[time-nuts] R&S XSRM Rubidium Standard
KA2WEU at aol.com
KA2WEU at aol.com
Sun Sep 17 08:57:26 EDT 2017
Modern test and radio equipment have self calibration capabilities, older
analog do not. Calibration is not always need for just simple test, but
for specification conformation it is useful. A bit of luck also helps.

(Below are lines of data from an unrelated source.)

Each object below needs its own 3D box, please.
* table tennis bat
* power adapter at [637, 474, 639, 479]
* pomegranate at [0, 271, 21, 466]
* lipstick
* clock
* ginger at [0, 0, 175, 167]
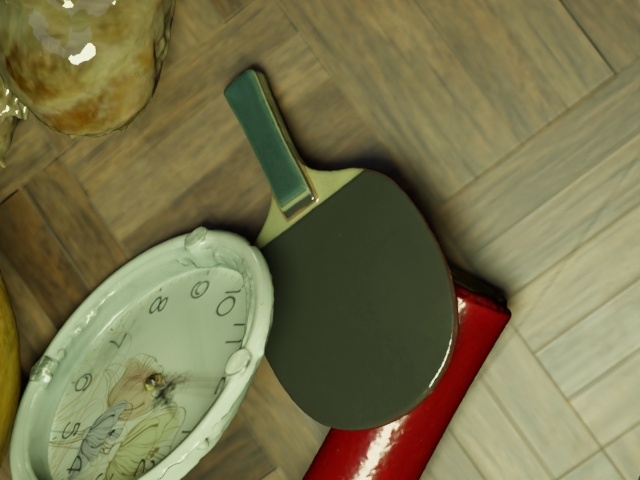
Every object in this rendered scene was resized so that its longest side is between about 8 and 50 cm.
[{"bbox_3d":[0.000,0.000,1.243,0.154,0.021,0.274,-36,66,24],"label":"table tennis bat"},{"bbox_3d":[0.271,0.146,1.163,0.125,0.130,0.205,-32,86,14],"label":"power adapter"},{"bbox_3d":[-0.388,0.113,1.207,0.416,0.416,0.416,1,93,15],"label":"pomegranate"},{"bbox_3d":[0.046,0.131,1.249,0.080,0.080,0.241,29,99,12],"label":"lipstick"},{"bbox_3d":[-0.115,0.098,1.249,0.236,0.236,0.053,-36,125,14],"label":"clock"},{"bbox_3d":[-0.209,-0.169,1.277,0.304,0.155,0.244,-5,84,7],"label":"ginger"}]
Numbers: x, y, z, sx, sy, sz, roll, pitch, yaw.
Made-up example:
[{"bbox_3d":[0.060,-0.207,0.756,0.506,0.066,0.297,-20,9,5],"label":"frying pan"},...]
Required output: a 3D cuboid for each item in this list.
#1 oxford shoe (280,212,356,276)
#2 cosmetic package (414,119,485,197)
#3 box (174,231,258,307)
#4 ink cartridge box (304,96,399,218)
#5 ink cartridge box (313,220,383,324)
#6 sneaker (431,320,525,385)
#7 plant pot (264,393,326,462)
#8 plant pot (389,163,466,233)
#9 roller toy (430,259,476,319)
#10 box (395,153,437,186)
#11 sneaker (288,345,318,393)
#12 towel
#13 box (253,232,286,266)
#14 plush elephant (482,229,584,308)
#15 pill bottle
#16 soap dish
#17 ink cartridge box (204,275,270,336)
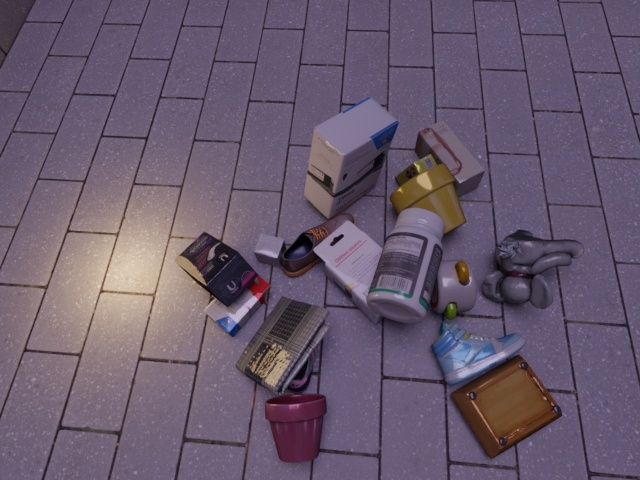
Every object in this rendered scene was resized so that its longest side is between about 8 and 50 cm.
[{"bbox_3d":[0.000,0.000,1.749,0.364,0.133,0.130,-40,67,-16],"label":"oxford shoe"},{"bbox_3d":[0.536,-0.336,1.880,0.129,0.153,0.296,-27,65,-9],"label":"cosmetic package"},{"bbox_3d":[-0.387,0.102,1.653,0.165,0.143,0.270,-47,41,-16],"label":"box"},{"bbox_3d":[0.106,-0.307,1.728,0.285,0.395,0.166,-35,70,-25],"label":"ink cartridge box"},{"bbox_3d":[0.158,0.115,1.696,0.207,0.119,0.353,-39,70,-17],"label":"ink cartridge box"},{"bbox_3d":[0.539,0.349,1.568,0.319,0.127,0.208,-23,67,-9],"label":"sneaker"},{"bbox_3d":[-0.075,0.604,1.446,0.201,0.201,0.180,-5,80,0],"label":"plant pot"},{"bbox_3d":[0.437,-0.133,1.747,0.254,0.254,0.239,-27,81,-10],"label":"plant pot"},{"bbox_3d":[0.477,0.163,1.619,0.146,0.191,0.209,-4,101,-1],"label":"roller toy"},{"bbox_3d":[0.383,-0.278,1.811,0.087,0.232,0.058,-28,88,-11],"label":"box"},{"bbox_3d":[-0.061,0.369,1.578,0.112,0.131,0.319,3,64,4],"label":"sneaker"},{"bbox_3d":[-0.128,0.349,1.544,0.312,0.056,0.324,4,54,55],"label":"towel"},{"bbox_3d":[-0.196,0.039,1.757,0.102,0.101,0.087,15,67,9],"label":"box"},{"bbox_3d":[0.742,0.116,1.619,0.330,0.255,0.272,-7,15,-36],"label":"plush elephant"},{"bbox_3d":[0.303,0.082,1.532,0.204,0.204,0.361,18,64,10],"label":"pill bottle"},{"bbox_3d":[0.619,0.540,1.477,0.291,0.118,0.229,-25,66,-11],"label":"soap dish"},{"bbox_3d":[-0.305,0.228,1.684,0.134,0.078,0.231,36,71,17],"label":"ink cartridge box"}]

In a message dated 9/17/2017 8:08:00 A.M. Eastern Daylight Time,
drkirkby at kirkbymicrowave.co.uk writes:
On 15 Sep 2017 10:45, "Scott McGrath" <scmcgrath at gmail.com> wrote:
> Precisely my point, But when purchasing i expect to pay for a
calibration at a minimum.
I have on occasions requested sellers to send an item to the manufacturer
(Agilent or Keysight) for calibration *before* shipping it to me, offering
to pay the calibration cost, but stating that I expect a full refund if the
item fails the calibration.
If a test equipment dealer is confident that something is working well,
they should not object to sending it to the manufacturer for calibration,
as long as the buyer is willing to pay.
Of course if a seller knows little about something, they are not going to
do this, but the item should be appropriately priced.
One UK seller (grace1403) declined to send an Agilent N9912A FieldFox to
Agilent, because "Agilent were too fussy"., failing items for trivual
issues. But he did agree to send it to one of the cal labs he uses. I
thought it was a waste of time going to one of the less fussy outfits,
bought it anyway. It was then clear on receipt that it was faulty. (The
spectrum analyser functionality was ok, but it didn't work as a network
analyzer). He took it back, but then advertised it on eBay 6 months
later. When asked, he said nothing had been done to it.
eBay rules about who pays the return shipping charge for an item that is
"not as described' keep changing, and may be different on different sites.
But on a heavy item shipped internationally, the postage cost can be
comparable or exceed the calibration cost.